Is this common useragent a scrapper bot

Forum Moderators: DixonJones

Message Too Old, No Replies

Is this common useragent a scrapper bot

I am confused as always

snooprock

5:35 am on Aug 2, 2006 (gmt 0)

Ok folks, I am sorry as I know this has been covered time and time again. But I was hoping someone could break this down for me. I am getting the following useragent that hit everyone of my pages like a second apart.

Agent: Mozilla/4.0 (compatible; MSIE 6.0; Windows NT 5.1; .NET CLR 1.0.3705; .NET CLR 1.1.4322)

It was clearly a spider, but the problem is alot of my real traffic uses the same or similar useragent. I am not very savvy with all this stuff and the more I read the more I get confused. Can anyone kindly put this in lamens terms for me. This is a new site and I am concerned these theiving scrappers are going to get my content indexed before I do and thus I will be the one that gets penalized for dupe content. Any insight is really really appreciated.

oxbaker

7:58 pm on Aug 2, 2006 (gmt 0)

most likely its a bot on a windows system, using IE as the mechanism. But your right, that is a very typical user agent for anyone running windows with IE 6.

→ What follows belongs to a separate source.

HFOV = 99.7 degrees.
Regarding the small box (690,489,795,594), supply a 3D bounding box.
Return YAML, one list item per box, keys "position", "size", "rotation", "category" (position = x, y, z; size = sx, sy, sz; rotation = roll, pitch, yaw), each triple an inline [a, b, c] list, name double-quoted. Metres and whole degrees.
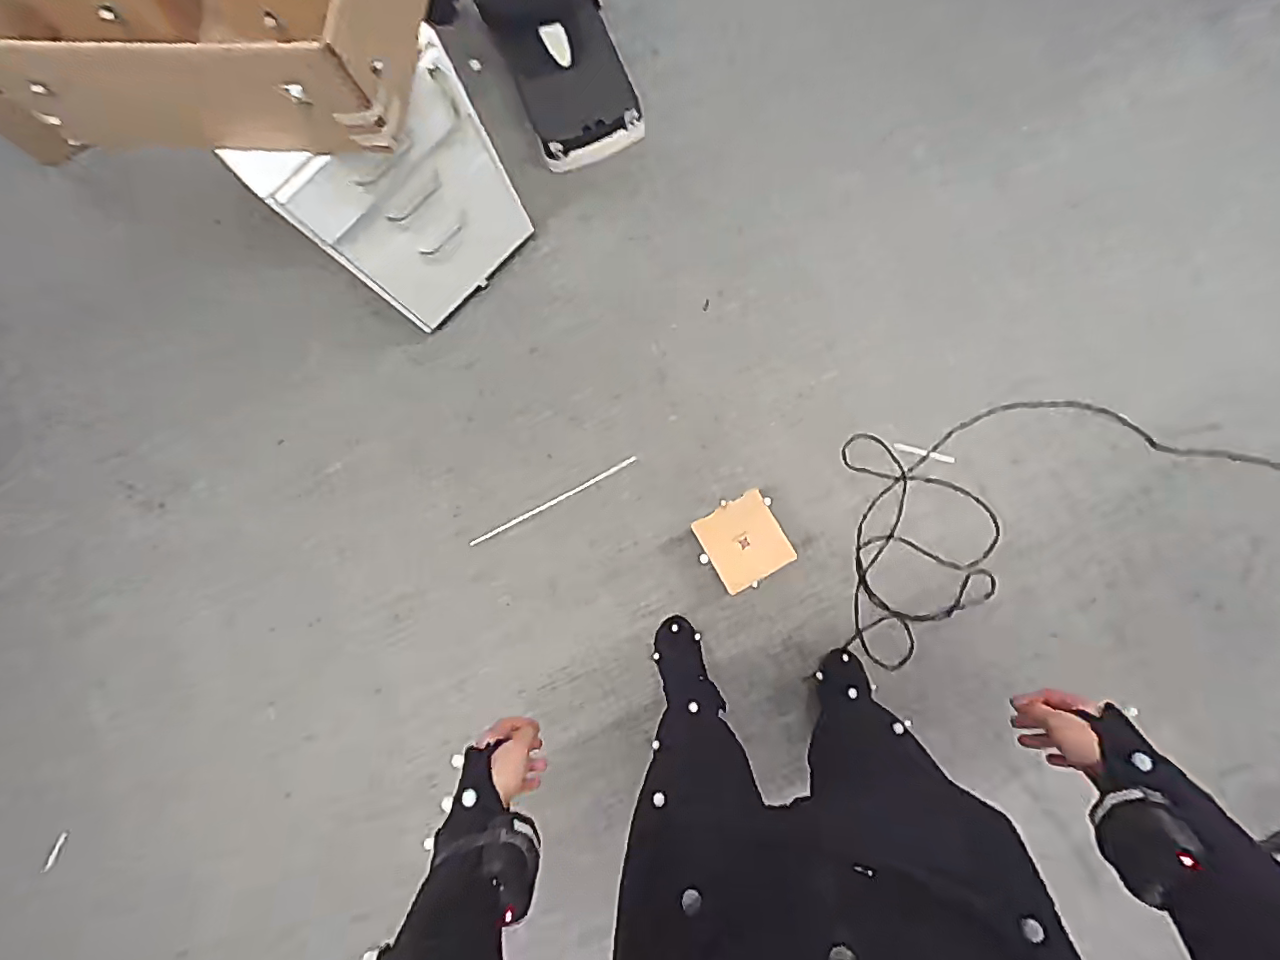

you can filter bots from real users using linear regression (basically if the same user hit 1000 in 5 minutes you can be damn sure its a robot, noone can read that fast) But its harder with these agents because they resemble normal "human" use agents.

snooprock

1:42 pm on Aug 3, 2006 (gmt 0)

Thanks for the reply mate. I wish there was a way to simply allow google, yahoo and msn bots only while blocking all others via htaccess. It just seems like we go about it backwards having to block all the bots we don't want instead of maybe just allowing google, yahoo and msn exclusively while blocking all others. It just seems retarted to me, but I don't know much about this stuff. Thanks again.

gregbo

8:53 pm on Aug 3, 2006 (gmt 0)

Thanks for the reply mate. I wish there was a way to simply allow google, yahoo and msn bots only while blocking all others via htaccess.

Wouldn't you want to be included in as many engines as possible, in case they become very popular? In general, there should be no need to exclude crawlers, unless they are using up too much of your resources, or unscrupulously scraping your content.